子贡放下车帘,回脸看向叶子,“随你意,想住哪里就住哪里。”
“真的?”叶子正伸个小小的懒腰,听到子贡的回答,动作就凝在那里,妩媚又娇俏。子贡和颜渊对视一眼,全都含笑低了头。
叶子还不自知,一个旋转坐到子贡身边,傻乎乎道:“那我是不是可以选个好点的旅店,吃个饱饭,洗个热水澡?”
子贡瞪了叶子一眼,抿了薄唇道:“怎么,这一路我没让你吃饱睡好?”
叶子想了想,这一路子贡安排得都是豪华宾馆,吃住都是最上乘的,自己刚才的说法似乎挺没良心的,挺颠倒黑白的。
她挽起子贡的胳膊,嘿嘿笑着撒娇道:“子贡哥哥最好了。这一路安排的可好了。不过我说的是当下,当下我又累又饿又脏,好想找个旅店洗澡、吃饭、睡觉。”
子贡薄唇勾起,流淌出魅惑的笑,伸手勾了一下叶子的小鼻子,轻声道:“知道了,我会安排的。”

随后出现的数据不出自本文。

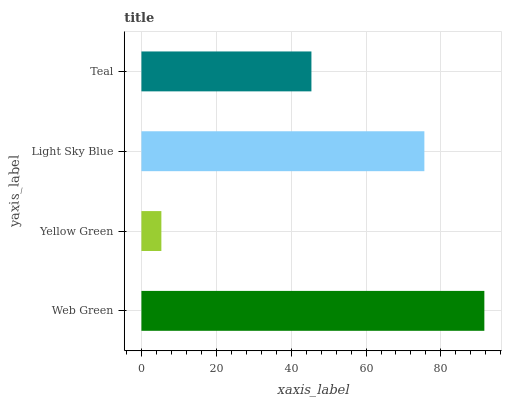Is Yellow Green the minimum?
Answer yes or no. Yes. Is Web Green the maximum?
Answer yes or no. Yes. Is Light Sky Blue the minimum?
Answer yes or no. No. Is Light Sky Blue the maximum?
Answer yes or no. No. Is Light Sky Blue greater than Yellow Green?
Answer yes or no. Yes. Is Yellow Green less than Light Sky Blue?
Answer yes or no. Yes. Is Yellow Green greater than Light Sky Blue?
Answer yes or no. No. Is Light Sky Blue less than Yellow Green?
Answer yes or no. No. Is Light Sky Blue the high median?
Answer yes or no. Yes. Is Teal the low median?
Answer yes or no. Yes. Is Teal the high median?
Answer yes or no. No. Is Yellow Green the low median?
Answer yes or no. No. 
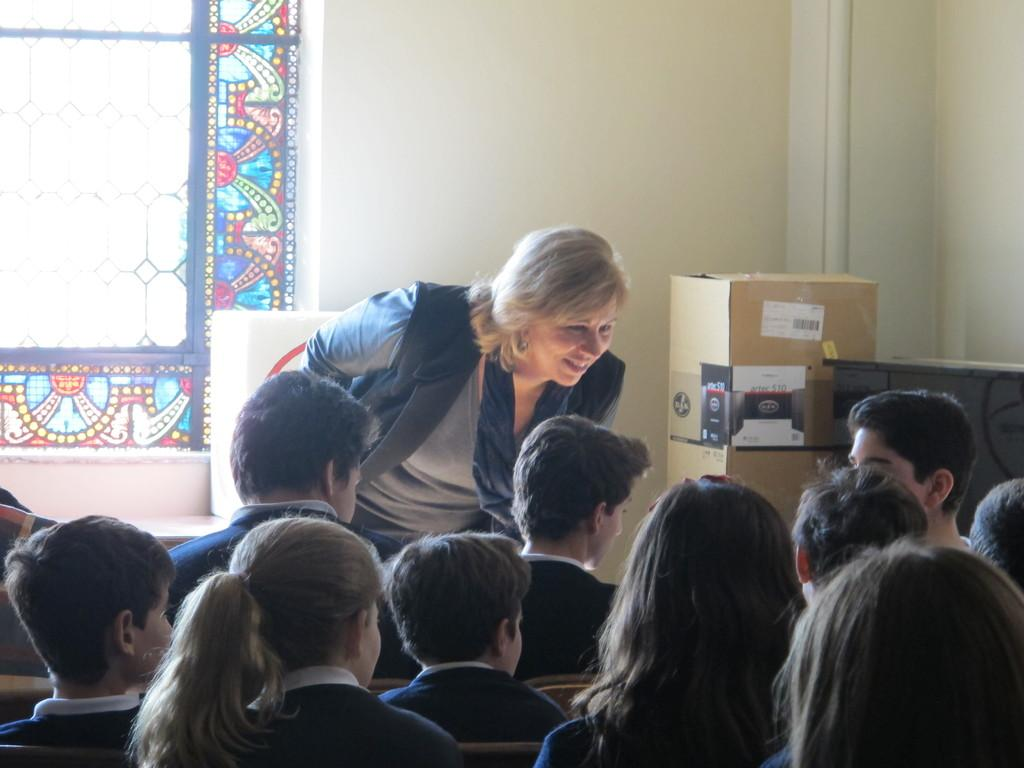What are the people in the image doing? The people in the image are sitting. Is there anyone standing in the image? Yes, there is a person standing in the image. What objects can be seen in the image? There are boxes in the image. What can be seen in the background of the image? There is a wall with a window in the background of the image. Can you tell me how many rats are visible in the image? There are no rats present in the image. What type of pickle is being used as a prop in the image? There is no pickle present in the image. 
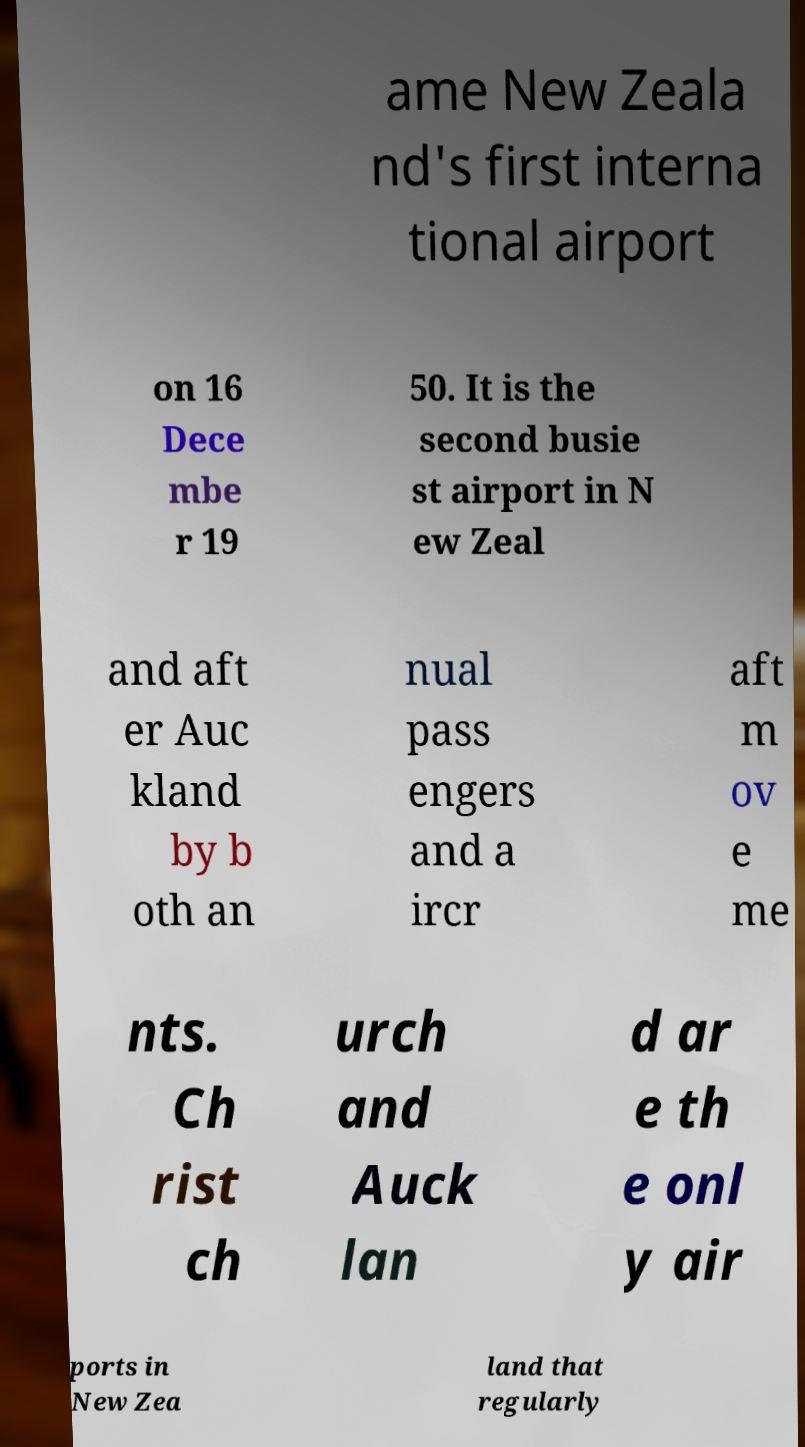Could you extract and type out the text from this image? ame New Zeala nd's first interna tional airport on 16 Dece mbe r 19 50. It is the second busie st airport in N ew Zeal and aft er Auc kland by b oth an nual pass engers and a ircr aft m ov e me nts. Ch rist ch urch and Auck lan d ar e th e onl y air ports in New Zea land that regularly 
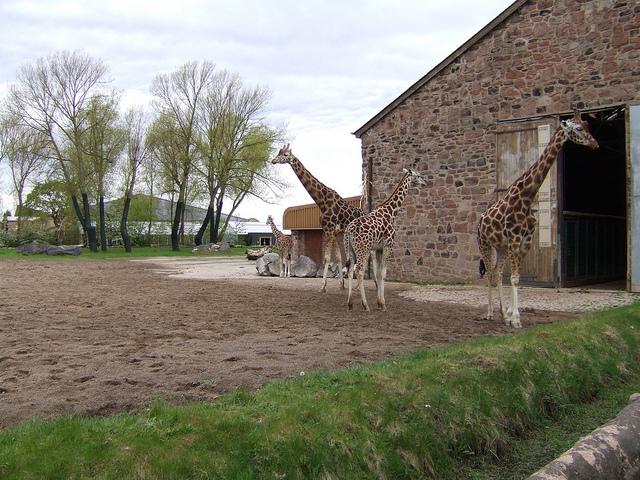Why is there a size difference between the two animals?
Concise answer only. Age. IS this in color?
Short answer required. Yes. Are both animals in this picture giraffes?
Be succinct. Yes. What kind of weather is featured in the picture?
Give a very brief answer. Cloudy. How many windows are in the top of the building?
Quick response, please. 0. How many giraffes are shown?
Give a very brief answer. 4. Do these animals have shelter from the elements?
Quick response, please. Yes. What direction are the giraffes facing?
Quick response, please. Different. 
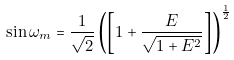Convert formula to latex. <formula><loc_0><loc_0><loc_500><loc_500>\sin \omega _ { m } = \frac { 1 } { \sqrt { 2 } } \left ( \left [ 1 + \frac { E } { \sqrt { 1 + E ^ { 2 } } } \right ] \right ) ^ { \frac { 1 } { 2 } }</formula> 
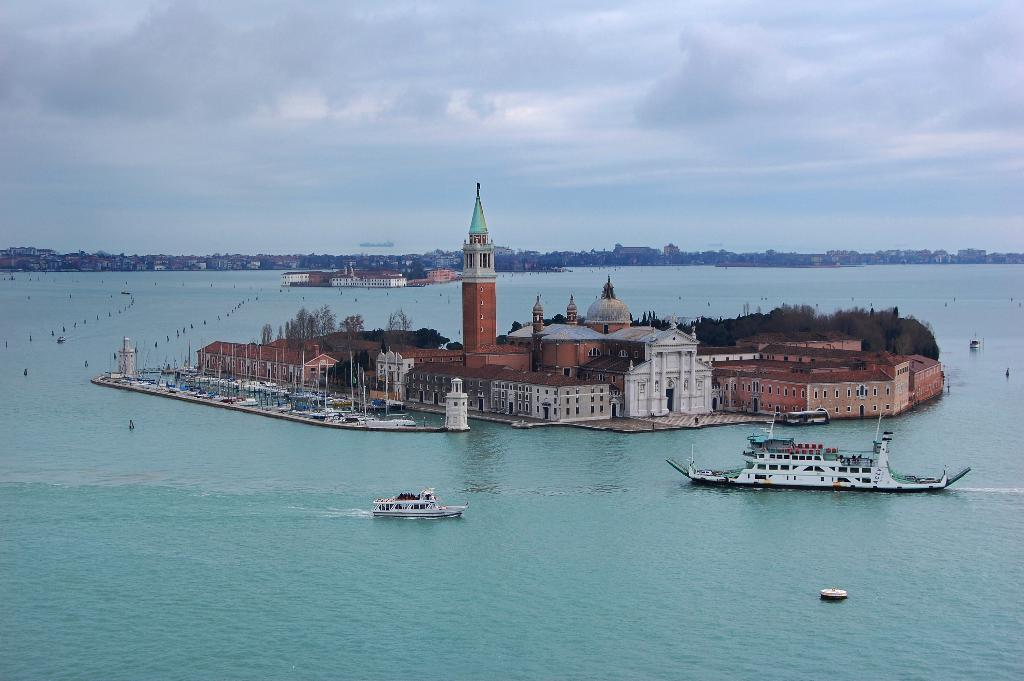What type of structures can be seen in the image? There are buildings in the image. What natural elements are present in the image? There are trees in the image. What type of vehicles can be seen in the image? There are boats and ships in the image. What is the primary setting of the image? The water is visible in the image. What can be seen in the background of the image? There are buildings and the sky in the background of the image. Can you recite the verse that is written on the side of the ship in the image? There is no verse written on the side of the ship in the image. How many icicles are hanging from the trees in the image? There are no icicles present in the image, as it does not depict a winter scene. 
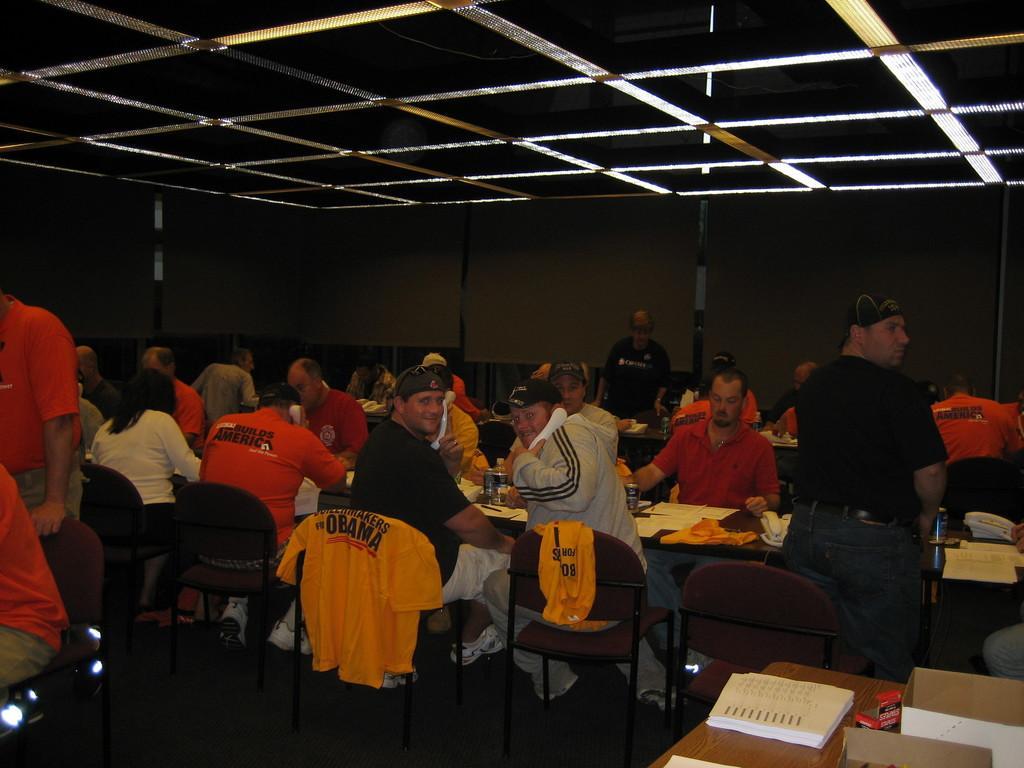Can you describe this image briefly? In the image we can see there are lot of people who are sitting on chair and few people are standing and people are wearing dress code and there are t shirts which are in orange and yellow colour and on table there is a book.

叶子突然不敢直视子贡的眼睛,那细长美目中闪出的点点光芒,太过温暖,太过耀目,让她既心慌又意乱。
她只得慌乱收回目光,掀起车帘,看向窗外。
前面城墙有个大大的缺口,此刻夫子的马车正从那缺口越过,进入到城内。
孔子也掀开车帘,左右看了看,叹息道:“快倒是快了,就是如此不太守规矩。”
赶车的车夫豪爽地笑道:“想当年我也是驾着马车送一位爷从此处经过,你看着缺口还是旧时的模样。”
周围正在经过的百姓听到此话,又看见正在四处打量的孔子,全都惊恐地闪开,更有甚者一边仓皇逃走,一边高喊:“不好了,坏人又来了!”
一时间街上的行人全都做鸟散状,整个街道瞬间清空。
“这是怎么了?”叶子一边学给子贡和颜渊听,一边惊诧道。
子贡立刻高喊:“子路,保护好夫子,去冠华居。”
几辆马车风驰电掣般驶向冠华居。
冠华居是个二层的木制小楼,典雅气派。一楼是酒楼,二楼则是住宿的地方。
叶子觉得这个冠华居肯定是个高档宾馆,因为停在门口的马车都极其奢华,出来进去的又都是衣饰华贵的人。
她拉了拉子贡的手,悄声道:“子贡哥哥,不用住这么好的地方吧,这得多贵啊。”
子贡含笑睇了叶子一眼,牵着她的小手跟在孔子后面走了进去。
孔子等人刚走进去,那些正在吃饭的客人哗啦全都起身,惊恐地打量着孔子,然后躲躲闪闪地蹭到门口,迅速逃走。
热热闹闹的一楼顷刻间,就剩下孔子师徒几人。
冠华居的掌柜走过来,不悦道:“你们几个人怎么回事,把店里的客人都吓跑了。”
孔子自是纳闷,自己并非穷凶极恶之人,怎么匡地的百姓见到他就跑呢?
他一边想着一边拱手赔笑:“掌柜的,实在是不知何故,这些百姓见到我就跑,我等只是想在此住宿而已。”
掌柜上下打量着孔子,见他儒雅大方,一派长者风范,的确不像坏人,可是这些老百姓为啥见到他就跑呢?
“我是新任的掌柜,外地人。并不知此地情况,不过你影响到我的生意,我可是不敢留你,先生还是另寻他处吧。”掌柜虽然说话客气,但是言语中辞客之意已现。
孔子无奈,转身欲走。子贡越众而出,淡然道:“冠华居久负盛名,就是如此待客?”
掌柜抬头打量着子贡,直呆呆地发起愣。